:: Data for this task ::
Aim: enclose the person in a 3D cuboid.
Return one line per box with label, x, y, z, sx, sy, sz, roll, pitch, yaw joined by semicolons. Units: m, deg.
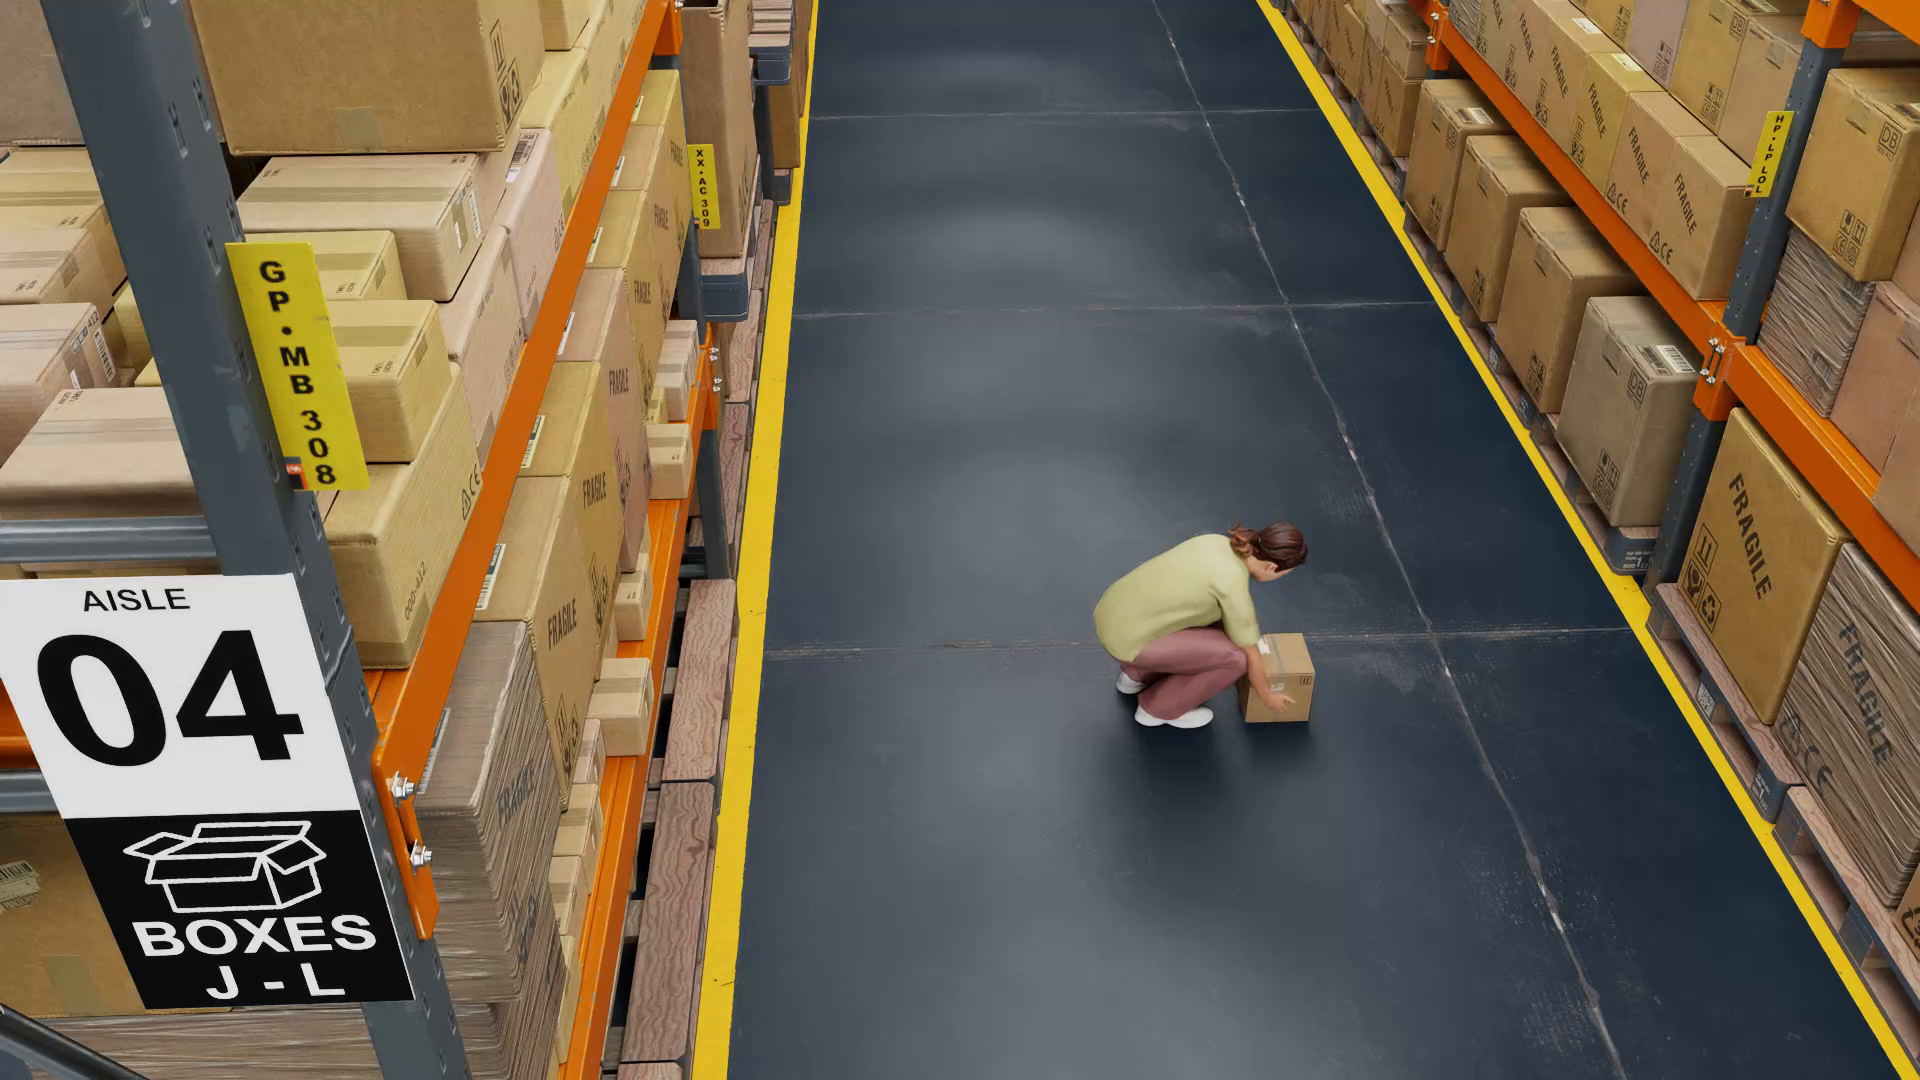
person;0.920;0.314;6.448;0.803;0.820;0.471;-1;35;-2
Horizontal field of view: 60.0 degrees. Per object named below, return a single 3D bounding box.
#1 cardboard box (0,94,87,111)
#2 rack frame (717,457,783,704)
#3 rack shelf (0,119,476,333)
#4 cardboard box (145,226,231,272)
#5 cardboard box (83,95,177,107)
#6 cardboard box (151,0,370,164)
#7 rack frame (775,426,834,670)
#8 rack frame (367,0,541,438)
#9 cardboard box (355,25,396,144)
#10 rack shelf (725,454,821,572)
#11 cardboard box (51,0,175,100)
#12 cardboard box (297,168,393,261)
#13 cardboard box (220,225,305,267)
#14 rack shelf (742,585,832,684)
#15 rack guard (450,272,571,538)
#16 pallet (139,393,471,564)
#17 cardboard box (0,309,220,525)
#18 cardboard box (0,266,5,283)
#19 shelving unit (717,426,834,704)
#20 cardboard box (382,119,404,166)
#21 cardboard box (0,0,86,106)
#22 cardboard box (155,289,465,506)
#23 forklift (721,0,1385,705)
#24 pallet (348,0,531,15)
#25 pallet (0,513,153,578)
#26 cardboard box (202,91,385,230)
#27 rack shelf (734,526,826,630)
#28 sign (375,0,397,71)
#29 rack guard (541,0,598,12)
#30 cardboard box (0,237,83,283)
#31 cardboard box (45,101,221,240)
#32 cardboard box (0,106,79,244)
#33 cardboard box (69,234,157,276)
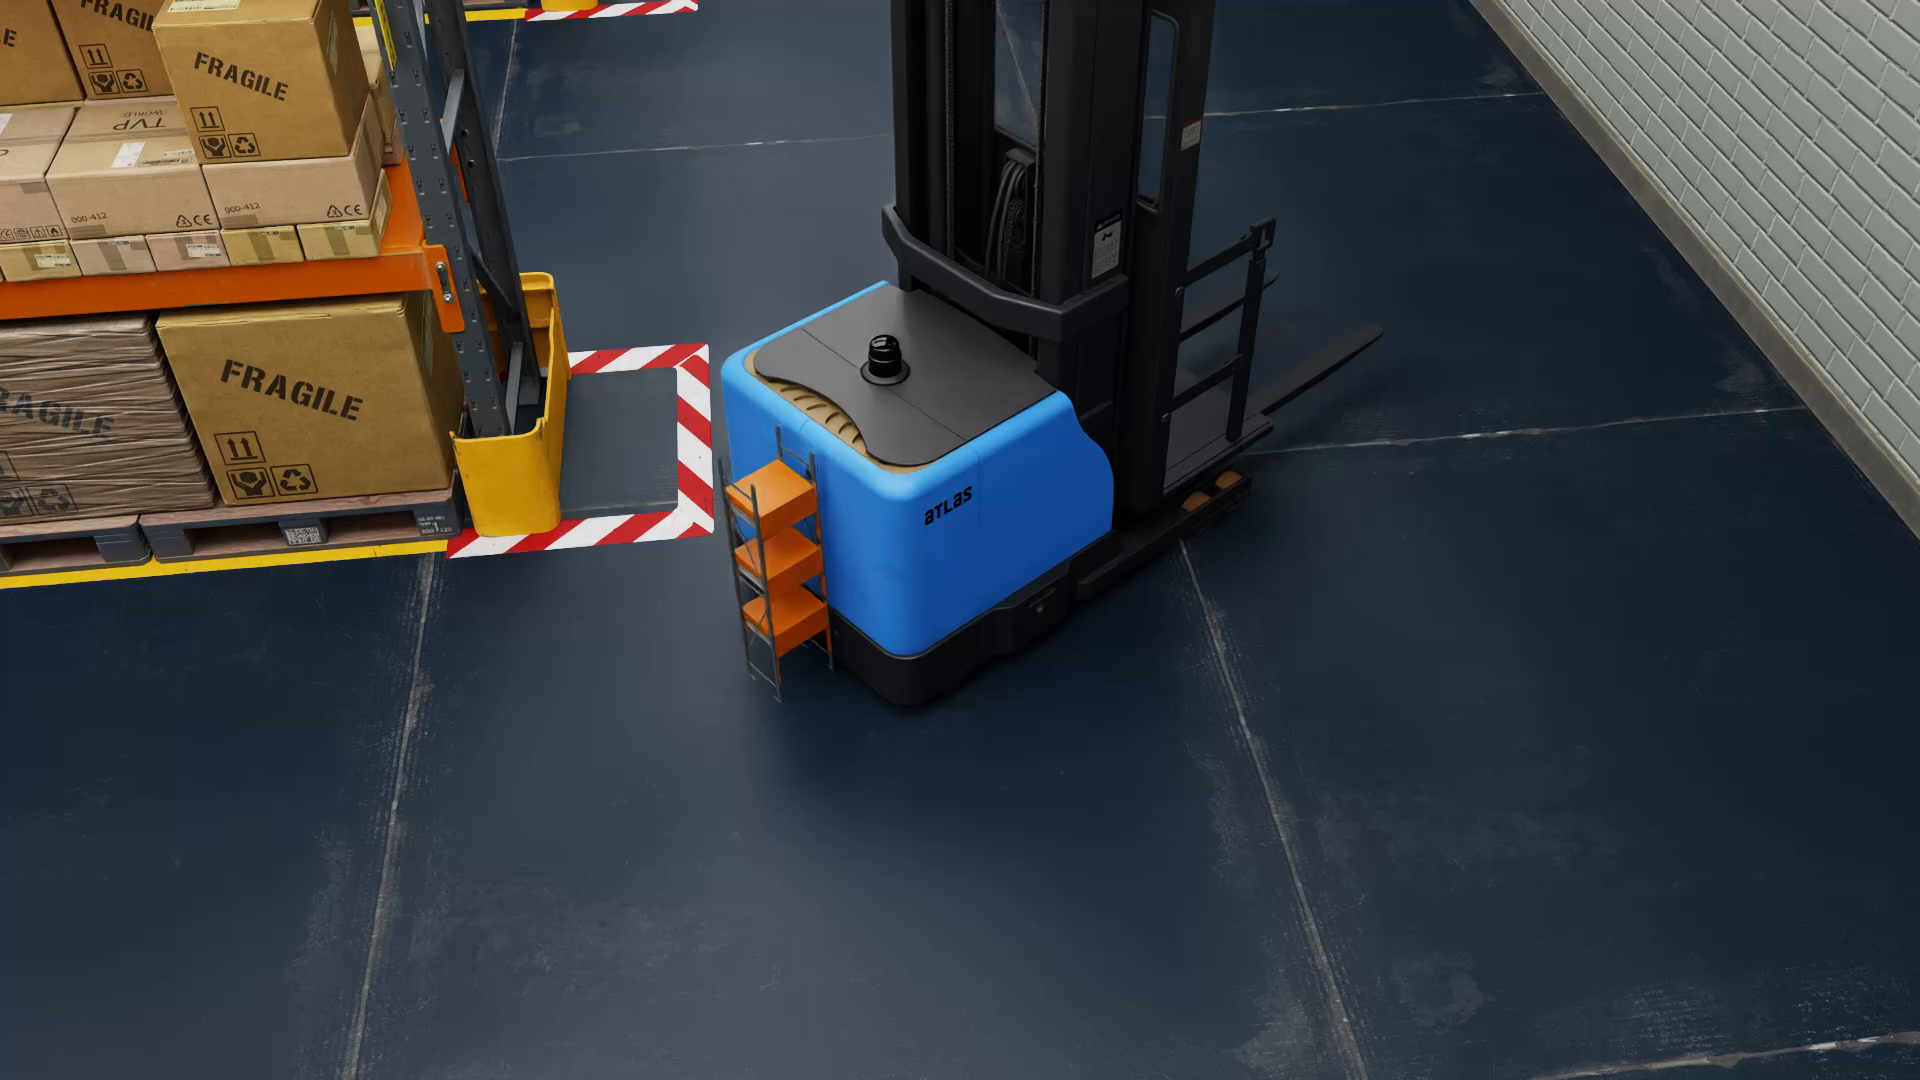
* * *
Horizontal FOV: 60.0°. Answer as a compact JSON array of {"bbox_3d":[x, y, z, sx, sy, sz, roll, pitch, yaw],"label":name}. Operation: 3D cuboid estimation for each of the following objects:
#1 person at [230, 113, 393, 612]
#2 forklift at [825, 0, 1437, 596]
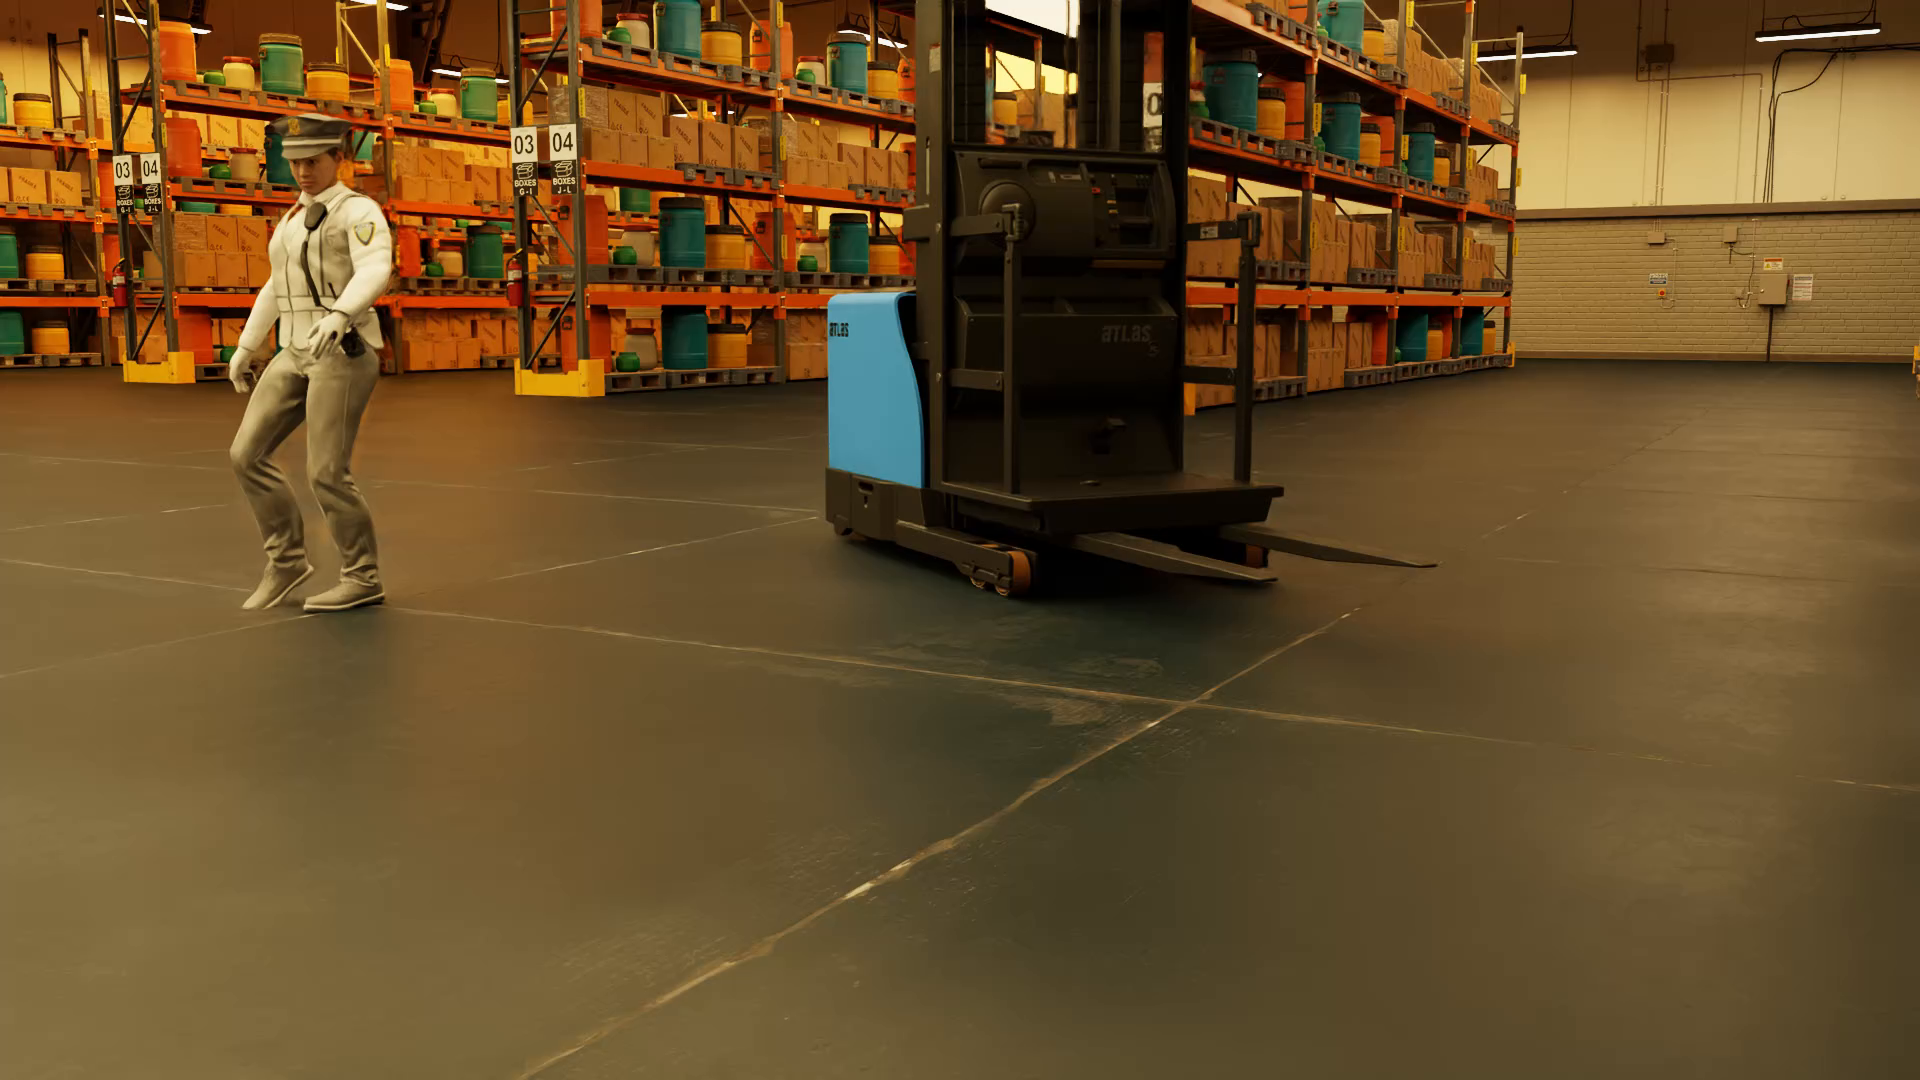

:: How to complete this task ::
Only the lines above from the one with "#16 pallet (139,393,471,564)" up to and including the one with "#32 cardboard box (0,106,79,244)" should be repeated, exactly as written.

:: Your solution ::
#16 pallet (139,393,471,564)
#17 cardboard box (0,309,220,525)
#18 cardboard box (0,266,5,283)
#19 shelving unit (717,426,834,704)
#20 cardboard box (382,119,404,166)
#21 cardboard box (0,0,86,106)
#22 cardboard box (155,289,465,506)
#23 forklift (721,0,1385,705)
#24 pallet (348,0,531,15)
#25 pallet (0,513,153,578)
#26 cardboard box (202,91,385,230)
#27 rack shelf (734,526,826,630)
#28 sign (375,0,397,71)
#29 rack guard (541,0,598,12)
#30 cardboard box (0,237,83,283)
#31 cardboard box (45,101,221,240)
#32 cardboard box (0,106,79,244)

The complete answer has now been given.